Los otros, los que tienen la suerte de escapar del alelamiento romántico-rijoso transcurrido un tiempo prudencial tras el enlace, también se divorcian, claro, pero no es lo mismo. Normalmente salen del trance seudo místico ya conscientes de que en sí mismos eran una naranja y que no les faltaba ninguna mitad para estar completos, así que pueden seguir su vida en pareja dentro de ciertos márgenes de satisfacción o, en su caso, si el príncipe o la princesa azul les salió realmente sapo o rana, zanjar el asunto sin volverse locos. Pero en estos casos no es habitual que vuelvan a reincidir en el error.

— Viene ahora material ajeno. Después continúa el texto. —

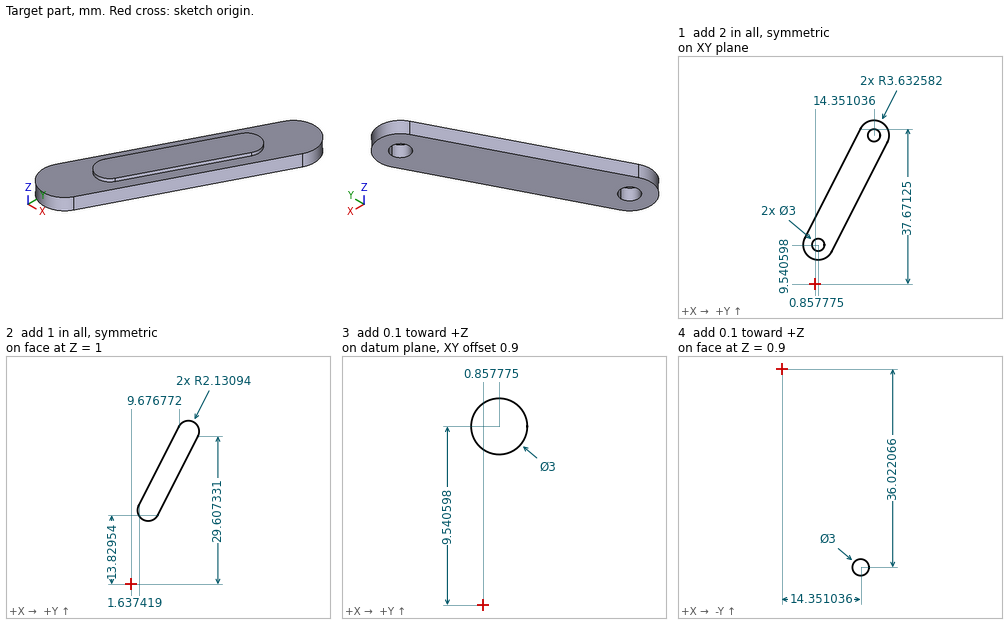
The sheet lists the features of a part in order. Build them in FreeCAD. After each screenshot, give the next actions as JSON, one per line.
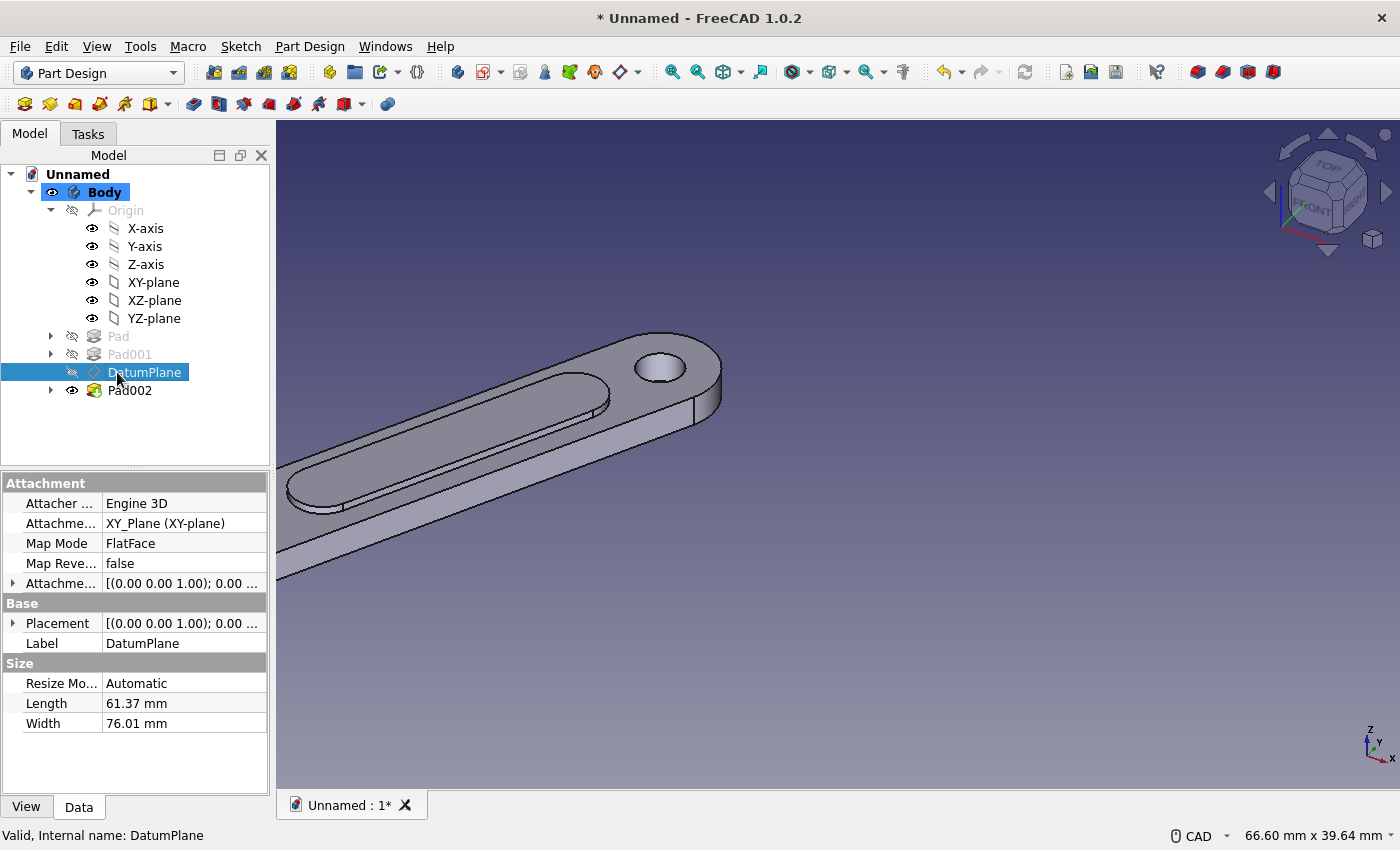
{"action": "key", "text": "v f"}

Como ya dije, los parámetros vitales de los otros, los del encantamiento mágico, son muy diferentes. Transcurrido ese tiempo prudencial, descubren sin excepción que están conviviendo con un batracio o batracia, lo que como es lógico les lleva inexorablemente a poner fin al drama, con total seguridad de que a la segunda sí darán con el ser de luz predestinado. Luego viene la tercera, y la cuarta, y la quinta… Aunque no sea mi caso, me consta que algunos compañeros de profesión han llegado a colocar en sus despachos placas de agradecimiento a clientes con esa tara.

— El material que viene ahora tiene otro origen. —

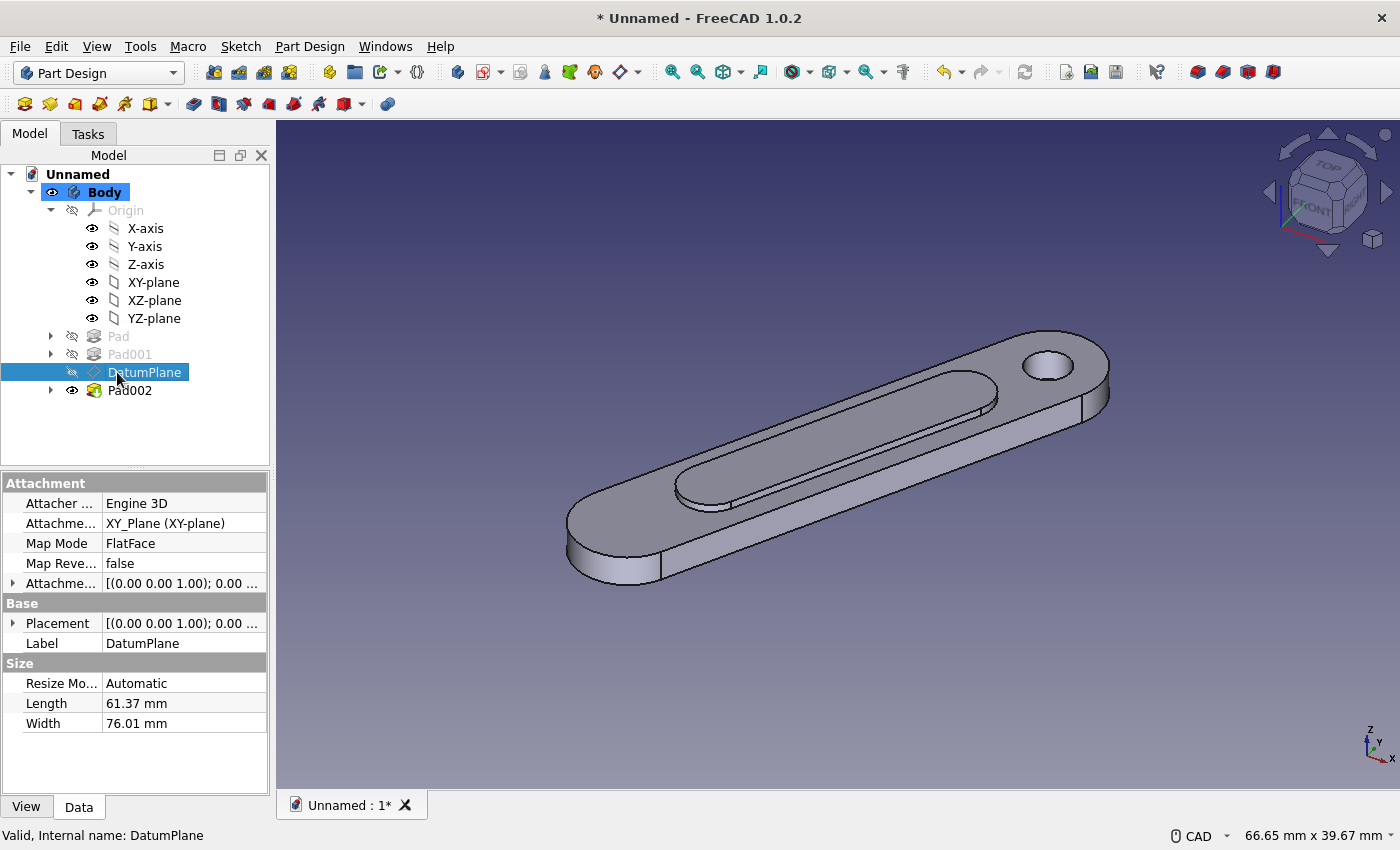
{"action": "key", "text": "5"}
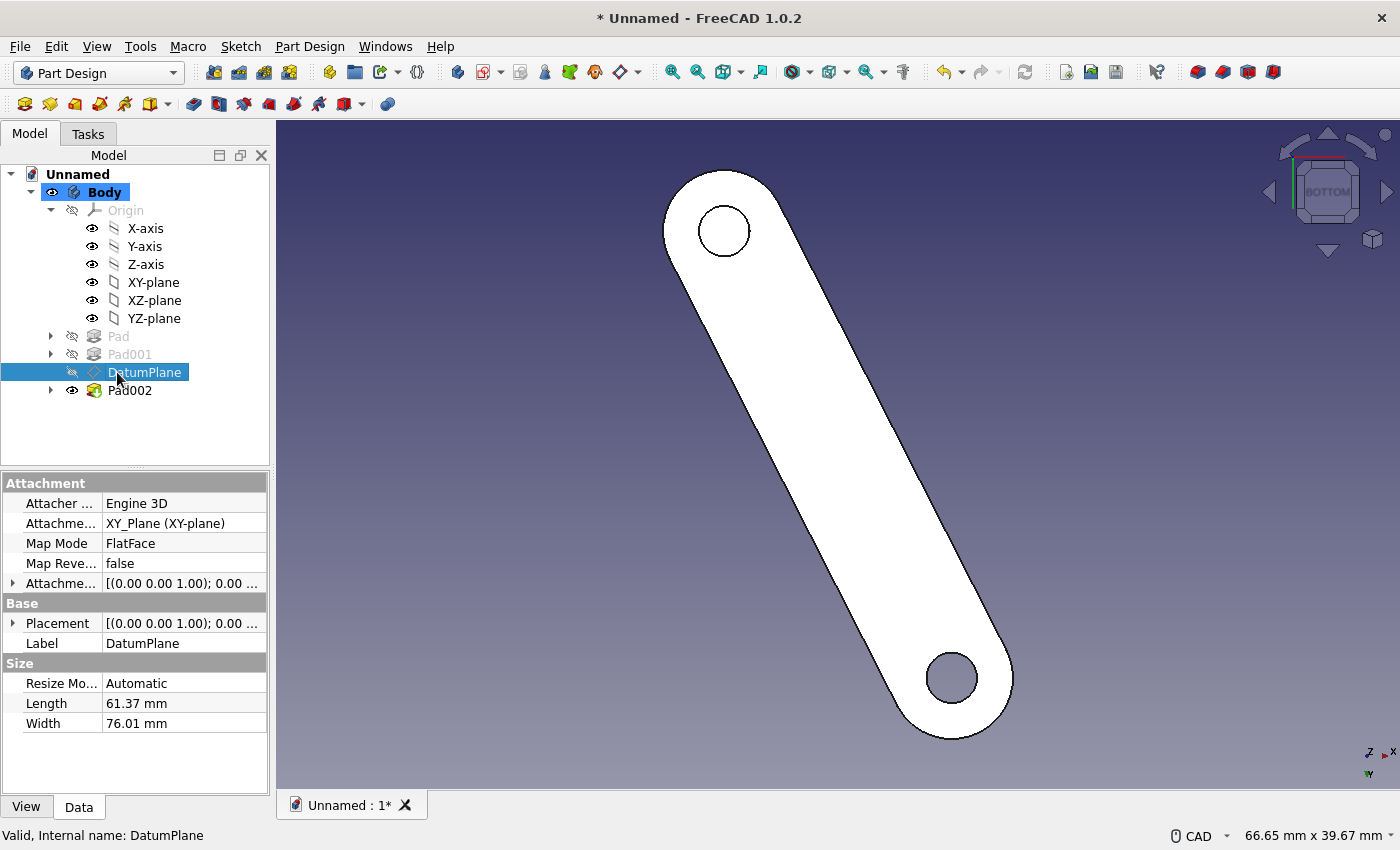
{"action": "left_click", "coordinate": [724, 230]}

Que puede ser aún más perniciosa si encima el afectado o afectada sufre también propensión (esto ya es el no va más) a propagar su carga genética sin ton ni son. No les quiero contar –para no originar terrores nocturnos innecesarios- la que se monta cuando uno o una se dedica a ir teniendo hijos con variados papás o mamás. De verdad, no me pregunten, que no soy tan sádico como para darles detalles.
Por cierto, los efectos de esta variedad agravada del síndrome afectan sin distinción tanto a los partidarios como a los reacios al papeleo nupcial. A eso me refería al principio. Nadie crea estar libre de posibles maleficios.